[Opening Materials provided section]

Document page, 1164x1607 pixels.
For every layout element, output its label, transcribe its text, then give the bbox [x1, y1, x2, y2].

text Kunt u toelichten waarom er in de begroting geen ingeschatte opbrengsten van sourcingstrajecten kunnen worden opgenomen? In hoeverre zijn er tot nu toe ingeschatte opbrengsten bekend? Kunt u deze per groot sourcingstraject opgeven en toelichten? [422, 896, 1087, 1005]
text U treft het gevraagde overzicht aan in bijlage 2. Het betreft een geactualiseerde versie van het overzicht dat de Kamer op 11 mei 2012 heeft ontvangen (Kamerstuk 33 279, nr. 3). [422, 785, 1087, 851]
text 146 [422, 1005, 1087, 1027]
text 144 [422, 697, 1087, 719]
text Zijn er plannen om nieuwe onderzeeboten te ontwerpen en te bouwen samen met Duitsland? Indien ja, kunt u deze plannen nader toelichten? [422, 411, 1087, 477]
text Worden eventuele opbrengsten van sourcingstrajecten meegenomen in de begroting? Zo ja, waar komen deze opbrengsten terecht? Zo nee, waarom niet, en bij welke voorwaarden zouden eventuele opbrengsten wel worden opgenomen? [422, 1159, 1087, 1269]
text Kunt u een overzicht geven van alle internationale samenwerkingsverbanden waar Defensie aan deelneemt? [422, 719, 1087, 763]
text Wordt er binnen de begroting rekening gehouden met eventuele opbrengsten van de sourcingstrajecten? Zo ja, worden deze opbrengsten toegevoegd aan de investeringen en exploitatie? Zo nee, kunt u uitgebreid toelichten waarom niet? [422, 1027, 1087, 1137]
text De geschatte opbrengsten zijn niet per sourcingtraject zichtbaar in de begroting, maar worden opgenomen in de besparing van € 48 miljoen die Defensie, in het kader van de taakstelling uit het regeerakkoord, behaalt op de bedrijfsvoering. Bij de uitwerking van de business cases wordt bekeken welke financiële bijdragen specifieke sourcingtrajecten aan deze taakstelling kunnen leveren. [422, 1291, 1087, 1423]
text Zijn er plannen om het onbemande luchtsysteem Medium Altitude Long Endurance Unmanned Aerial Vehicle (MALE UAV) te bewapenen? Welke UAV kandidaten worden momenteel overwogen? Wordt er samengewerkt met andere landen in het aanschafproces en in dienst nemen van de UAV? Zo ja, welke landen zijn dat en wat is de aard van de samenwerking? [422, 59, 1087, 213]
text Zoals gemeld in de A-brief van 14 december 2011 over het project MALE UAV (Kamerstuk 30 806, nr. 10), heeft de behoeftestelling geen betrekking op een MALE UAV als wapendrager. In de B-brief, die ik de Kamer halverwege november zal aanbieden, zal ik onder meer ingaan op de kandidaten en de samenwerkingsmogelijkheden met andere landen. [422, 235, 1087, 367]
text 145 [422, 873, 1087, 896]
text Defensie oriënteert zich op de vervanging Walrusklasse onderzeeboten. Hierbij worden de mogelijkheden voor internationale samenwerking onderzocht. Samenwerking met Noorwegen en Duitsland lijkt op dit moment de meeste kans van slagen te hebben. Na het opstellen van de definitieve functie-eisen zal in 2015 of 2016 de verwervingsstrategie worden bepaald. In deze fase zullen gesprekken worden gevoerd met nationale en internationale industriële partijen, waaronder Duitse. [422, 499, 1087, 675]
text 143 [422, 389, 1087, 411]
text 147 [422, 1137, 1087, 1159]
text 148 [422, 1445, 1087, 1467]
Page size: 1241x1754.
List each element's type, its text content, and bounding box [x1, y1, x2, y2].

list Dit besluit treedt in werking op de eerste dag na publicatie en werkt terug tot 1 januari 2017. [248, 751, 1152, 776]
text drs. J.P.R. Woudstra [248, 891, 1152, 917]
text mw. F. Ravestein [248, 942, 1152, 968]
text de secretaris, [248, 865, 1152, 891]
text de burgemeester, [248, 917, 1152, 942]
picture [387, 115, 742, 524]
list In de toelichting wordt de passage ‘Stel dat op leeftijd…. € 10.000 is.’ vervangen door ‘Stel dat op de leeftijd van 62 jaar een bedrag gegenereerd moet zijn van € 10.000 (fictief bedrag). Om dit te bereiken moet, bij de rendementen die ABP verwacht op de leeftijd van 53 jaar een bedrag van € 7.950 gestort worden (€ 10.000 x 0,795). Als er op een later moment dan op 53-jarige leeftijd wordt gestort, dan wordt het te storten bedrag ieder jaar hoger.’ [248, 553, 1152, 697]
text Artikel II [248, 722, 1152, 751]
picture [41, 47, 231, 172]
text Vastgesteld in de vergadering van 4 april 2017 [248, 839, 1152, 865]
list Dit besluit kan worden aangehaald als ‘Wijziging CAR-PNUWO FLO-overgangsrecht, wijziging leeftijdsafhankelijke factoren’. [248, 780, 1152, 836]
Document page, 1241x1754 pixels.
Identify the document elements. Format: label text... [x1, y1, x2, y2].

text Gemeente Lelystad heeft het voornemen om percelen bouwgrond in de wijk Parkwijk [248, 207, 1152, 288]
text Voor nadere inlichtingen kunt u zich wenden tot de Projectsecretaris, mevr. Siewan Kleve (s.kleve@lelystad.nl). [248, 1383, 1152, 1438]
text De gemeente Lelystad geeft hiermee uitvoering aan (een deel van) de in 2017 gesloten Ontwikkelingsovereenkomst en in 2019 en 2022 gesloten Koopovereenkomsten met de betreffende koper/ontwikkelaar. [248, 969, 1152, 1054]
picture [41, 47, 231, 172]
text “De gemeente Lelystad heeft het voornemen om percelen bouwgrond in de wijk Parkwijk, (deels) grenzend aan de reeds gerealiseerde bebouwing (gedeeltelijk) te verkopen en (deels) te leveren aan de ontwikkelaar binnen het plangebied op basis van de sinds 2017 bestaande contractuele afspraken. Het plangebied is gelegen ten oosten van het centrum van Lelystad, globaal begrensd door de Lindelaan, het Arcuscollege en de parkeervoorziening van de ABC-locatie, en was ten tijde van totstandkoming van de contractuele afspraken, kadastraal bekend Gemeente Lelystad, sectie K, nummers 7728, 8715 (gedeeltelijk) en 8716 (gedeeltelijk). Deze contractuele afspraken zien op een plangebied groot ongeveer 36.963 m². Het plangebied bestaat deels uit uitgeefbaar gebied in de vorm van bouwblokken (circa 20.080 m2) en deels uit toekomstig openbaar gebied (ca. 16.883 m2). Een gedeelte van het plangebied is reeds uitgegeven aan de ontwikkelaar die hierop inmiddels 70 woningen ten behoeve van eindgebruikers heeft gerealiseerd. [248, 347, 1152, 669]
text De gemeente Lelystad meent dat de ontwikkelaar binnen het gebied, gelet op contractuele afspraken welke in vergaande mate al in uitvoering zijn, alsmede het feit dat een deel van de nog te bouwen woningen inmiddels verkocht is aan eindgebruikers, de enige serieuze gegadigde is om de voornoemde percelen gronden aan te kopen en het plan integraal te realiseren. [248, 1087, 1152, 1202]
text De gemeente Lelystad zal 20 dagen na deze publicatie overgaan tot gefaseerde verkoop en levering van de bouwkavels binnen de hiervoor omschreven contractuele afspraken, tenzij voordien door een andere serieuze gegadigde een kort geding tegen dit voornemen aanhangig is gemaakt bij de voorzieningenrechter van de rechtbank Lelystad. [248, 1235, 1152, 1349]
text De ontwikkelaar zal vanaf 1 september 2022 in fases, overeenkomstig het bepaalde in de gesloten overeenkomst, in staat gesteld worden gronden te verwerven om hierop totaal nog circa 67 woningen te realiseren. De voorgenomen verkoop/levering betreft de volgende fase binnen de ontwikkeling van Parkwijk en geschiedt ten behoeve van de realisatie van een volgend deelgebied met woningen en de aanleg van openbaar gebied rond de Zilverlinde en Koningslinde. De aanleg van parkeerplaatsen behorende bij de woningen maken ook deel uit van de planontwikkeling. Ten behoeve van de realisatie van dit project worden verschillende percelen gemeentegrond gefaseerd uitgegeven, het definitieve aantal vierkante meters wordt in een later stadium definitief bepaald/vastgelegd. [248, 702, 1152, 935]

[Closing Materials provided section]

__Work instruction__:
The lines above starting at the one that contains "For every layout" and ending at the one that contains "text 146 [422, 1005, 1087, 1027]" must be transcribed exactly, and no other lines may appear.

__Response to the exercise__:
For every layout element, output its label, transcribe its text, then give the bbox [x1, y1, x2, y2].

text Kunt u toelichten waarom er in de begroting geen ingeschatte opbrengsten van sourcingstrajecten kunnen worden opgenomen? In hoeverre zijn er tot nu toe ingeschatte opbrengsten bekend? Kunt u deze per groot sourcingstraject opgeven en toelichten? [422, 896, 1087, 1005]
text U treft het gevraagde overzicht aan in bijlage 2. Het betreft een geactualiseerde versie van het overzicht dat de Kamer op 11 mei 2012 heeft ontvangen (Kamerstuk 33 279, nr. 3). [422, 785, 1087, 851]
text 146 [422, 1005, 1087, 1027]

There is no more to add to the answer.